SUPPLIED RECORDS:
#####
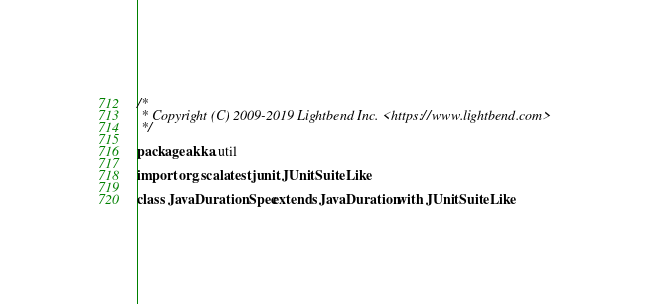<code> <loc_0><loc_0><loc_500><loc_500><_Scala_>/*
 * Copyright (C) 2009-2019 Lightbend Inc. <https://www.lightbend.com>
 */

package akka.util

import org.scalatest.junit.JUnitSuiteLike

class JavaDurationSpec extends JavaDuration with JUnitSuiteLike
</code> 
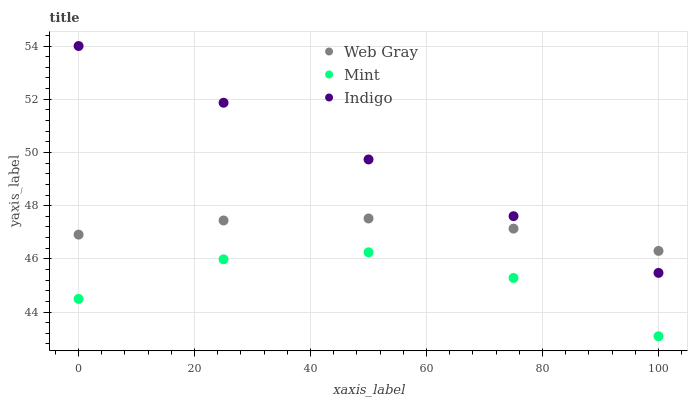Does Mint have the minimum area under the curve?
Answer yes or no. Yes. Does Indigo have the maximum area under the curve?
Answer yes or no. Yes. Does Web Gray have the minimum area under the curve?
Answer yes or no. No. Does Web Gray have the maximum area under the curve?
Answer yes or no. No. Is Indigo the smoothest?
Answer yes or no. Yes. Is Mint the roughest?
Answer yes or no. Yes. Is Web Gray the smoothest?
Answer yes or no. No. Is Web Gray the roughest?
Answer yes or no. No. Does Mint have the lowest value?
Answer yes or no. Yes. Does Web Gray have the lowest value?
Answer yes or no. No. Does Indigo have the highest value?
Answer yes or no. Yes. Does Web Gray have the highest value?
Answer yes or no. No. Is Mint less than Indigo?
Answer yes or no. Yes. Is Indigo greater than Mint?
Answer yes or no. Yes. Does Web Gray intersect Indigo?
Answer yes or no. Yes. Is Web Gray less than Indigo?
Answer yes or no. No. Is Web Gray greater than Indigo?
Answer yes or no. No. Does Mint intersect Indigo?
Answer yes or no. No. 
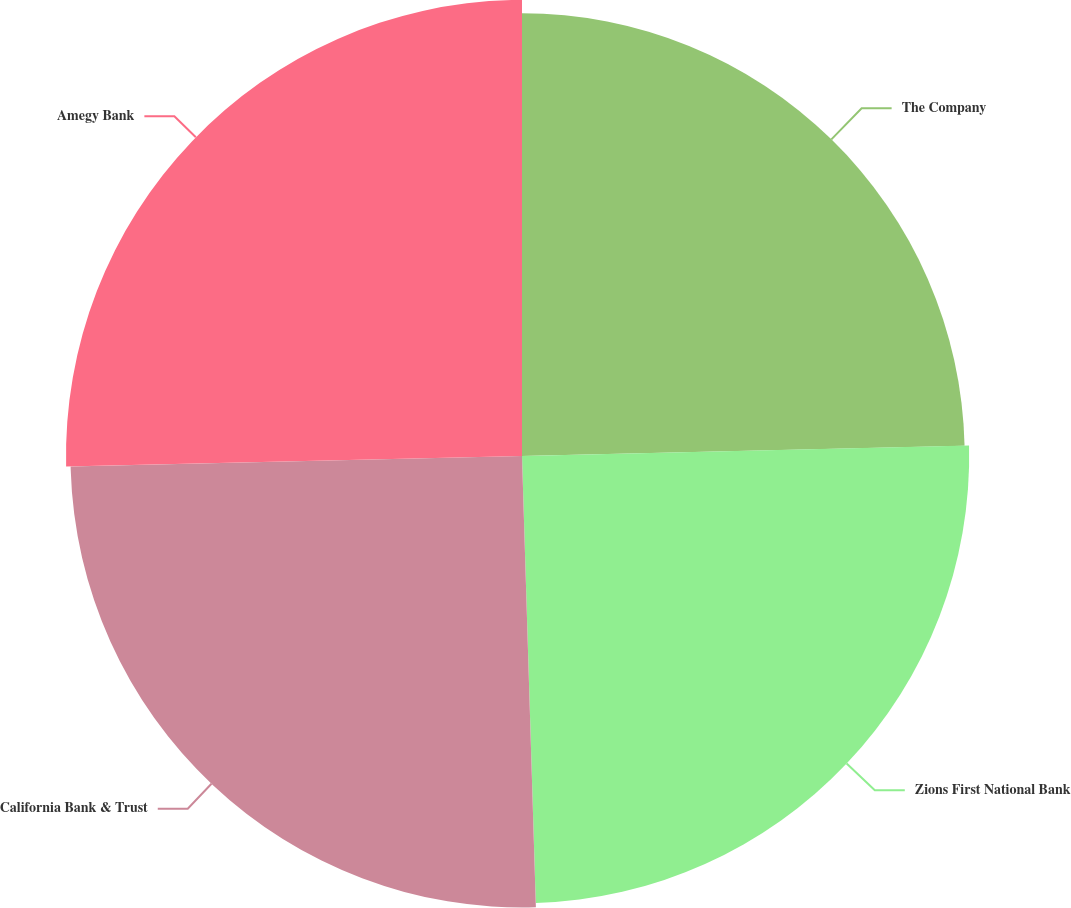Convert chart. <chart><loc_0><loc_0><loc_500><loc_500><pie_chart><fcel>The Company<fcel>Zions First National Bank<fcel>California Bank & Trust<fcel>Amegy Bank<nl><fcel>24.63%<fcel>24.88%<fcel>25.12%<fcel>25.37%<nl></chart> 
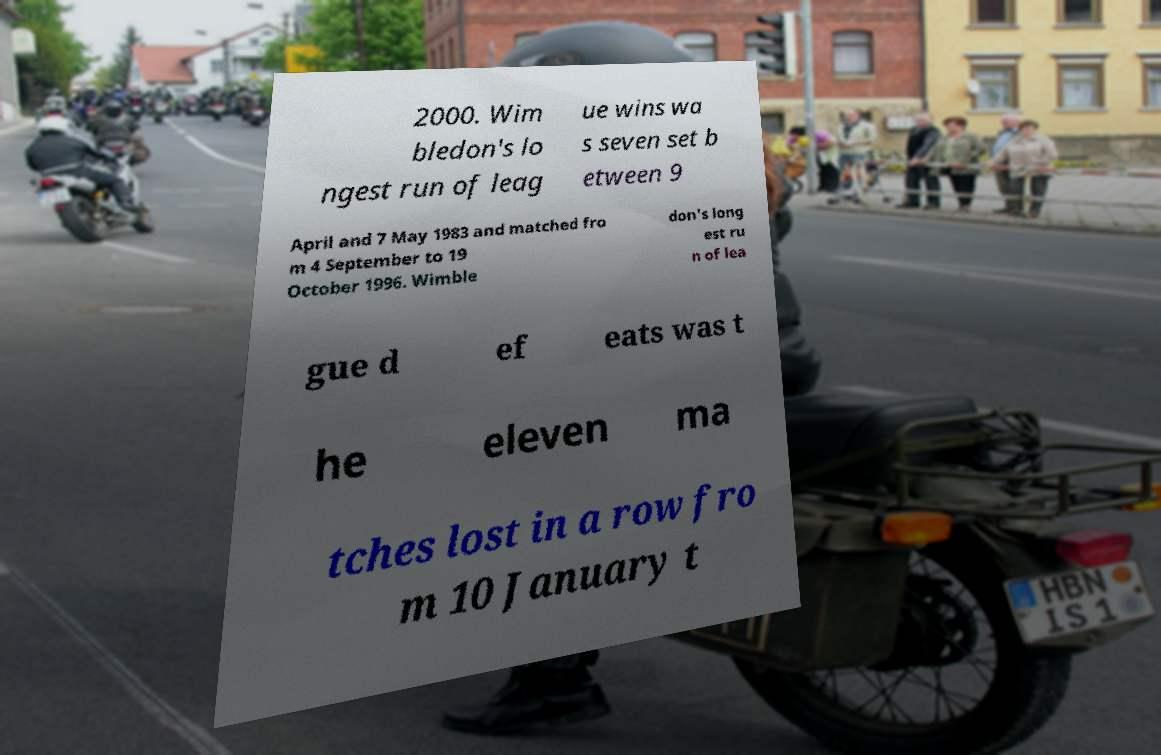I need the written content from this picture converted into text. Can you do that? 2000. Wim bledon's lo ngest run of leag ue wins wa s seven set b etween 9 April and 7 May 1983 and matched fro m 4 September to 19 October 1996. Wimble don's long est ru n of lea gue d ef eats was t he eleven ma tches lost in a row fro m 10 January t 
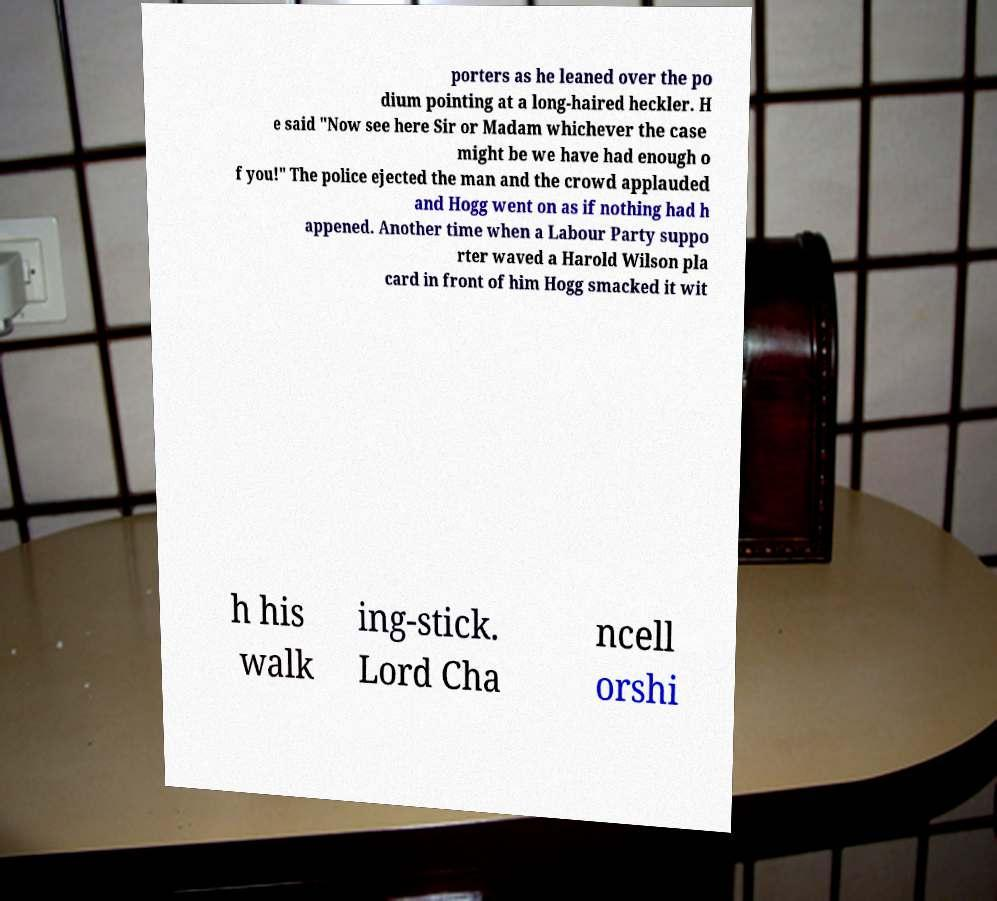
#####
TASK STATEMENT: Go through the records and count the lines that include the string "JUnitSuiteLike"; state that number alone.

THE COMPLETED TASK: 2